TASK TO CARRY OUT:
All lines in the records below that hold "cuboid" are to be shown.

INPUT RECORDS:
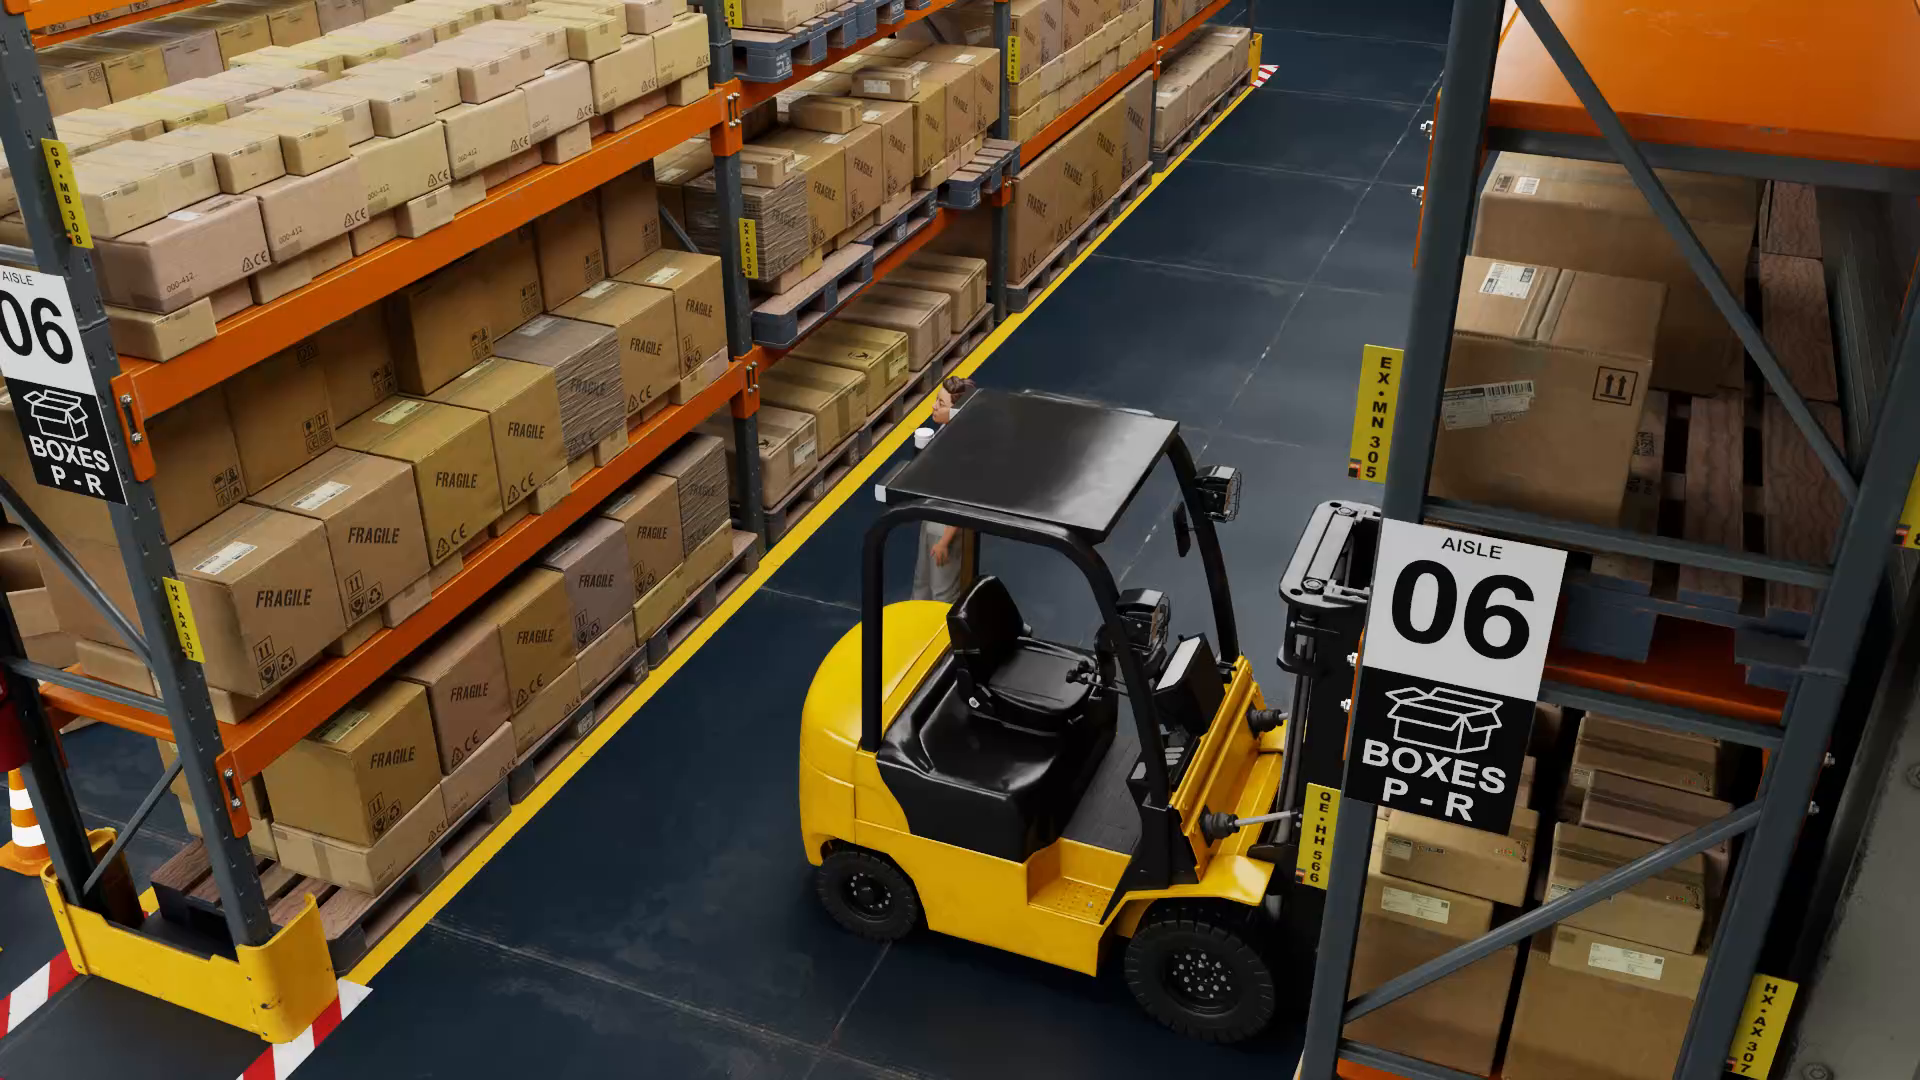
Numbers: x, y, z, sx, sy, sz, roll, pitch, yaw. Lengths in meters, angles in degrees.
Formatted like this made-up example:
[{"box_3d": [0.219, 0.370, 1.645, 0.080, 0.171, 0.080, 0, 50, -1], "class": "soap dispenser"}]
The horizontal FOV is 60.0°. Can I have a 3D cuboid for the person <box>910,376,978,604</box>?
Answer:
[{"box_3d": [-0.138, -0.080, 8.516, 0.548, 1.673, 0.550, -3, 30, -6], "class": "person"}]
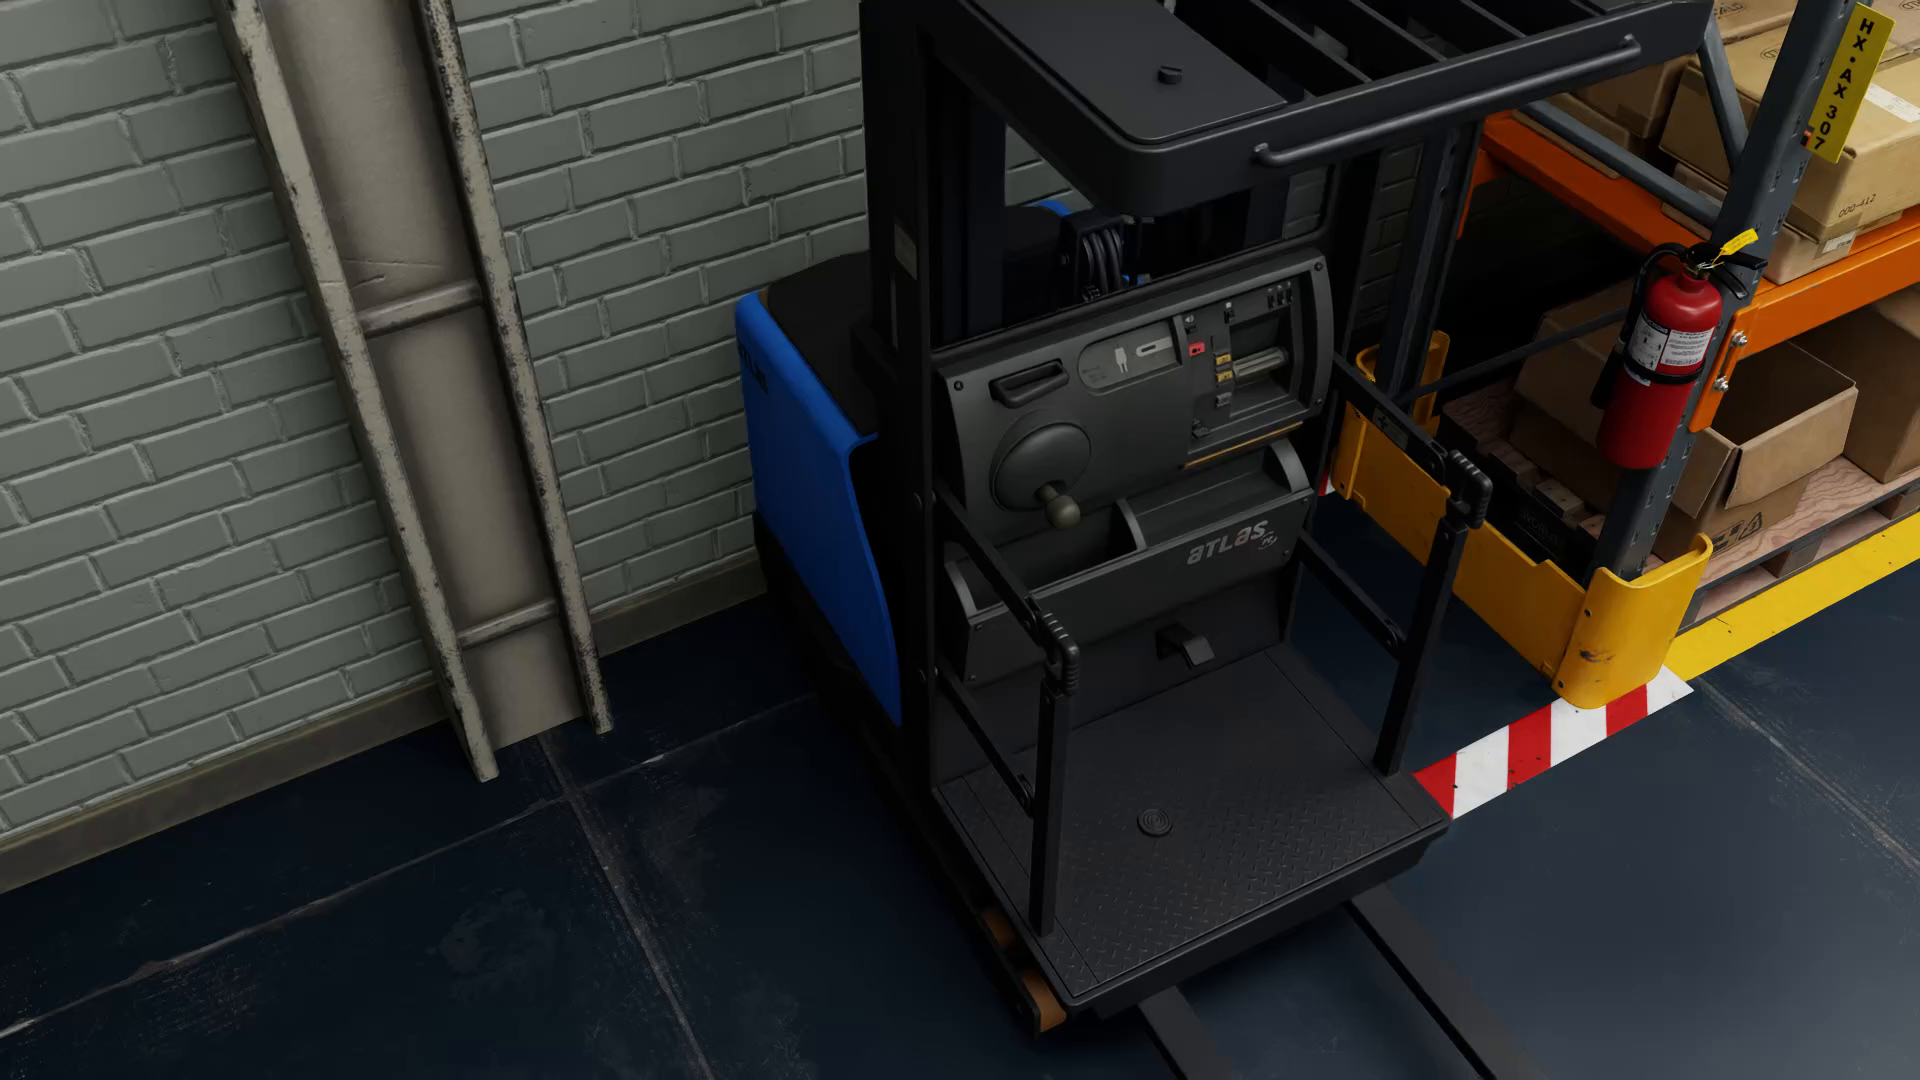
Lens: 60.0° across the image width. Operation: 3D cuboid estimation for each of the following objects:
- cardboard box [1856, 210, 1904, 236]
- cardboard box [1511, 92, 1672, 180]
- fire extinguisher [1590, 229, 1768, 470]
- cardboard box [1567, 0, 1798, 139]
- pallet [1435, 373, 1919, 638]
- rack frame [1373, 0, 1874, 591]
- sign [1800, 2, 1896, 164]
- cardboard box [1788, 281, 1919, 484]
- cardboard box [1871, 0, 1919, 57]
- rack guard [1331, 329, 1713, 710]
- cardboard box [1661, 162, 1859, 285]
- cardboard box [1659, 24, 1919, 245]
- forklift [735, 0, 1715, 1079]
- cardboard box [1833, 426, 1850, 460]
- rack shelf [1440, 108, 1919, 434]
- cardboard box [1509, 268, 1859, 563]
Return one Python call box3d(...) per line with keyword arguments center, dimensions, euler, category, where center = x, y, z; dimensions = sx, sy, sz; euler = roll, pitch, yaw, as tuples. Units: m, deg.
box3d(center=(2.183, -0.936, 4.241), dimensions=(0.250, 0.149, 0.380), euler=(-21, 48, -20), category="cardboard box")
box3d(center=(1.718, -1.148, 4.460), dimensions=(0.250, 0.149, 0.380), euler=(-22, 48, -21), category="cardboard box")
box3d(center=(1.667, -0.470, 3.903), dimensions=(0.183, 0.674, 0.296), euler=(-22, 48, -21), category="fire extinguisher")
box3d(center=(1.831, -1.334, 4.365), dimensions=(0.500, 0.250, 0.500), euler=(-20, 48, -20), category="cardboard box")
box3d(center=(2.321, -0.264, 5.371), dimensions=(1.213, 0.211, 1.003), euler=(-22, 48, -21), category="pallet")
box3d(center=(1.564, -0.961, 4.087), dimensions=(0.127, 3.000, 1.000), euler=(-22, 48, -21), category="rack frame")
box3d(center=(1.834, -0.944, 3.448), dimensions=(0.005, 0.325, 0.100), euler=(-22, 48, -21), category="sign")
box3d(center=(2.902, -0.643, 5.252), dimensions=(0.500, 0.500, 0.700), euler=(-20, 48, -19), category="cardboard box")
box3d(center=(2.529, -1.184, 4.210), dimensions=(0.500, 0.250, 0.500), euler=(-21, 48, -21), category="cardboard box")
box3d(center=(1.630, -0.091, 4.985), dimensions=(0.348, 0.500, 1.175), euler=(-22, 48, -21), category="rack guard")
box3d(center=(1.986, -0.820, 4.121), dimensions=(0.250, 0.149, 0.380), euler=(-22, 48, -21), category="cardboard box")
box3d(center=(2.092, -1.009, 4.030), dimensions=(0.500, 0.250, 0.500), euler=(-22, 48, -21), category="cardboard box")
box3d(center=(0.499, -0.229, 3.382), dimensions=(1.130, 2.935, 3.031), euler=(-20, 48, -20), category="forklift")
box3d(center=(2.529, -0.368, 5.221), dimensions=(0.250, 0.149, 0.380), euler=(-24, 49, -22), category="cardboard box")
box3d(center=(3.298, -1.397, 5.052), dimensions=(4.000, 0.370, 1.077), euler=(-22, 48, -21), category="rack shelf")
box3d(center=(2.142, -0.371, 4.970), dimensions=(0.637, 0.503, 0.797), euler=(-24, 49, -22), category="cardboard box")
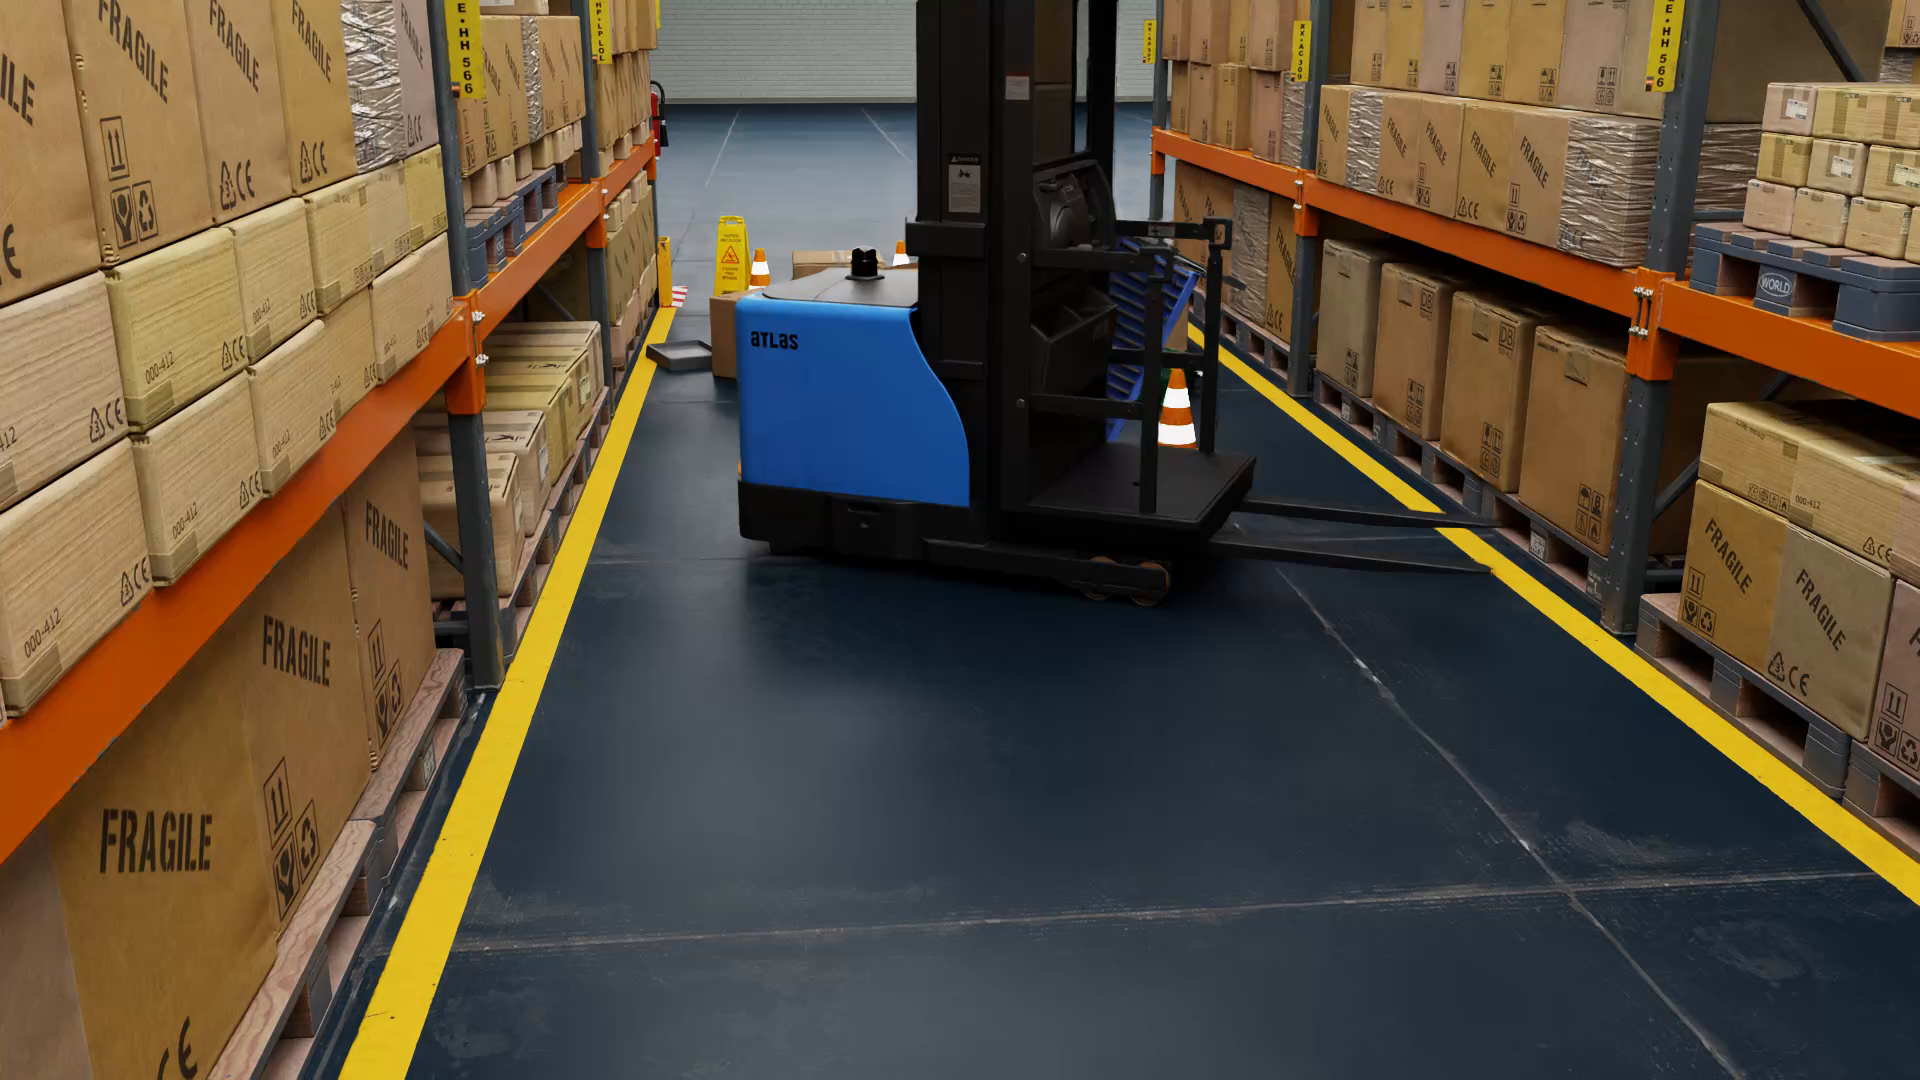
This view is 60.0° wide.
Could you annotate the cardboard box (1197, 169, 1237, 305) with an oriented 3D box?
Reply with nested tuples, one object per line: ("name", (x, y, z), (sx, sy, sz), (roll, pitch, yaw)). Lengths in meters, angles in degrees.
("cardboard box", (2.275, -2.217, 12.078), (0.875, 0.875, 0.875), (-2, 18, -7))

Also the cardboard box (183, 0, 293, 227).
("cardboard box", (-1.577, -0.853, 3.051), (0.500, 0.500, 0.500), (-2, 18, -7))

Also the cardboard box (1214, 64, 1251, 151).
("cardboard box", (2.237, -2.965, 11.362), (0.875, 0.550, 0.500), (-2, 18, -6))

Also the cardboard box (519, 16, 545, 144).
("cardboard box", (-2.023, -1.920, 6.919), (0.500, 0.500, 0.500), (-2, 18, -8))

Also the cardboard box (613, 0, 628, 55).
("cardboard box", (-2.314, -3.075, 9.632), (0.700, 0.500, 0.500), (-2, 18, -5))

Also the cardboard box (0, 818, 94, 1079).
("cardboard box", (-1.772, 0.897, 2.159), (0.875, 0.875, 0.875), (-1, 17, -4))

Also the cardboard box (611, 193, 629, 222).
("cardboard box", (-2.254, -2.050, 10.254), (0.380, 0.149, 0.250), (-1, 17, -4))

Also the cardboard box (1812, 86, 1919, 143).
("cardboard box", (2.757, -1.250, 4.876), (0.380, 0.149, 0.250), (-2, 18, -7))

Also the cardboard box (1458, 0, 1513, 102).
("cardboard box", (2.674, -2.224, 7.416), (0.700, 0.500, 0.500), (-2, 18, -6))

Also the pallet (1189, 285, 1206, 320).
("pallet", (2.207, -1.926, 12.961), (1.003, 0.211, 1.213), (-2, 18, -6))

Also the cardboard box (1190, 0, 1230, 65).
("cardboard box", (2.118, -3.636, 11.697), (0.875, 0.550, 0.550), (-2, 18, -6))

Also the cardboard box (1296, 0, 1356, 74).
("cardboard box", (2.456, -2.999, 9.668), (0.875, 0.550, 0.550), (-2, 18, -6))

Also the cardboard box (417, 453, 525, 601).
("cardboard box", (-2.089, -0.042, 5.987), (0.950, 0.372, 0.625), (-3, 18, -9))

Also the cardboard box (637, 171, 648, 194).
("cardboard box", (-2.420, -2.528, 11.775), (0.380, 0.149, 0.250), (-1, 17, -4))

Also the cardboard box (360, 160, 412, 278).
("cardboard box", (-1.682, -0.804, 4.146), (0.500, 0.250, 0.500), (-2, 18, -7))

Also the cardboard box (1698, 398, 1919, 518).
("cardboard box", (2.702, -0.262, 5.224), (0.500, 0.250, 0.500), (-3, 18, -8))

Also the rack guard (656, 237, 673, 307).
("rack guard", (-2.858, -2.094, 13.014), (1.175, 0.500, 0.348), (-2, 18, -6))

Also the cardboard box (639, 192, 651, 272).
("cardboard box", (-2.467, -2.170, 11.719), (0.500, 0.500, 0.500), (-1, 17, -4))

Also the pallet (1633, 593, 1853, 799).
("pallet", (2.951, 0.454, 5.379), (1.003, 0.211, 1.213), (-2, 18, -6))

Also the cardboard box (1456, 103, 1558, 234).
("cardboard box", (2.457, -1.580, 7.037), (0.500, 0.500, 0.500), (-2, 18, -7))

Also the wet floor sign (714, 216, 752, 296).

WORKED SOLUTION:
The horizontal FOV is 60.0°. Can I have a 3D cuboid for the person <box>910,376,978,604</box>?
Lens: 60.0° across the image width. Operation: 3D cuboid estimation for each of the following objects:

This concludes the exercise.